Dataset excerpts

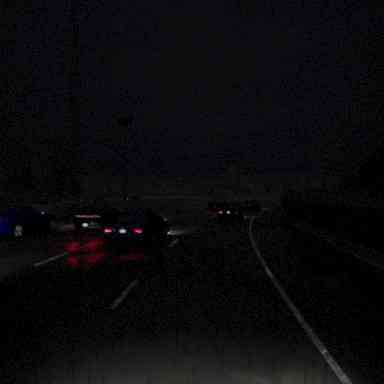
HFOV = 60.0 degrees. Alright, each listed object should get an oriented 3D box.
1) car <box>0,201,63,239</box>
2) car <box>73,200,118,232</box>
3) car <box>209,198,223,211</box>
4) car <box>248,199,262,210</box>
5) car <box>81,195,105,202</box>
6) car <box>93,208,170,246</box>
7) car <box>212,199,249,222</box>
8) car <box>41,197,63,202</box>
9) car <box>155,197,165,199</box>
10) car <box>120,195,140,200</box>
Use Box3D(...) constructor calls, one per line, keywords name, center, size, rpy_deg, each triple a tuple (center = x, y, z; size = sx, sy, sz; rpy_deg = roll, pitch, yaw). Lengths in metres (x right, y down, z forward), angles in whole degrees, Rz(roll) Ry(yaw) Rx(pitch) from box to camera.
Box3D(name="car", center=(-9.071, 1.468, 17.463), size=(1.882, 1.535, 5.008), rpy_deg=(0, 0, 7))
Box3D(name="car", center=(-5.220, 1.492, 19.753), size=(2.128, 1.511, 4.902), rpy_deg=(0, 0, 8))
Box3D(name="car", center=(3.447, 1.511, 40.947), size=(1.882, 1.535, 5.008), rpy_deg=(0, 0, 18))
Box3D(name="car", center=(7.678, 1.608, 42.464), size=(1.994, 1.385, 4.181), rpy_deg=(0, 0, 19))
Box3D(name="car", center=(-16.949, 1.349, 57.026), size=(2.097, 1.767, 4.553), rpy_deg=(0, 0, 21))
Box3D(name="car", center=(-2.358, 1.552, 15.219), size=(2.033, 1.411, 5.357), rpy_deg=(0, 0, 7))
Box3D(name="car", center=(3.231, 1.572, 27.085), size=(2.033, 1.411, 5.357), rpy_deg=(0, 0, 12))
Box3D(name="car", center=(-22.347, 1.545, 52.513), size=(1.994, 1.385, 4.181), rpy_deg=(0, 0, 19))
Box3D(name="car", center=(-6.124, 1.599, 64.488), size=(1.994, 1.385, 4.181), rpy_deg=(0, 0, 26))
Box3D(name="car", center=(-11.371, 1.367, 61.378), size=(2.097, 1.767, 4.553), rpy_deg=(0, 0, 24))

■ **ACTIVITY**: Would you repeat, exactly and with nothing added, every line from the line containing "10) car <box>120,195,140,200</box>" through the last line of the records above?

■ **WRITTEN ANSWER**:
10) car <box>120,195,140,200</box>
Use Box3D(...) constructor calls, one per line, keywords name, center, size, rpy_deg, each triple a tuple (center = x, y, z; size = sx, sy, sz; rpy_deg = roll, pitch, yaw). Lengths in metres (x right, y down, z forward), angles in whole degrees, Rz(roll) Ry(yaw) Rx(pitch) from box to camera.
Box3D(name="car", center=(-9.071, 1.468, 17.463), size=(1.882, 1.535, 5.008), rpy_deg=(0, 0, 7))
Box3D(name="car", center=(-5.220, 1.492, 19.753), size=(2.128, 1.511, 4.902), rpy_deg=(0, 0, 8))
Box3D(name="car", center=(3.447, 1.511, 40.947), size=(1.882, 1.535, 5.008), rpy_deg=(0, 0, 18))
Box3D(name="car", center=(7.678, 1.608, 42.464), size=(1.994, 1.385, 4.181), rpy_deg=(0, 0, 19))
Box3D(name="car", center=(-16.949, 1.349, 57.026), size=(2.097, 1.767, 4.553), rpy_deg=(0, 0, 21))
Box3D(name="car", center=(-2.358, 1.552, 15.219), size=(2.033, 1.411, 5.357), rpy_deg=(0, 0, 7))
Box3D(name="car", center=(3.231, 1.572, 27.085), size=(2.033, 1.411, 5.357), rpy_deg=(0, 0, 12))
Box3D(name="car", center=(-22.347, 1.545, 52.513), size=(1.994, 1.385, 4.181), rpy_deg=(0, 0, 19))
Box3D(name="car", center=(-6.124, 1.599, 64.488), size=(1.994, 1.385, 4.181), rpy_deg=(0, 0, 26))
Box3D(name="car", center=(-11.371, 1.367, 61.378), size=(2.097, 1.767, 4.553), rpy_deg=(0, 0, 24))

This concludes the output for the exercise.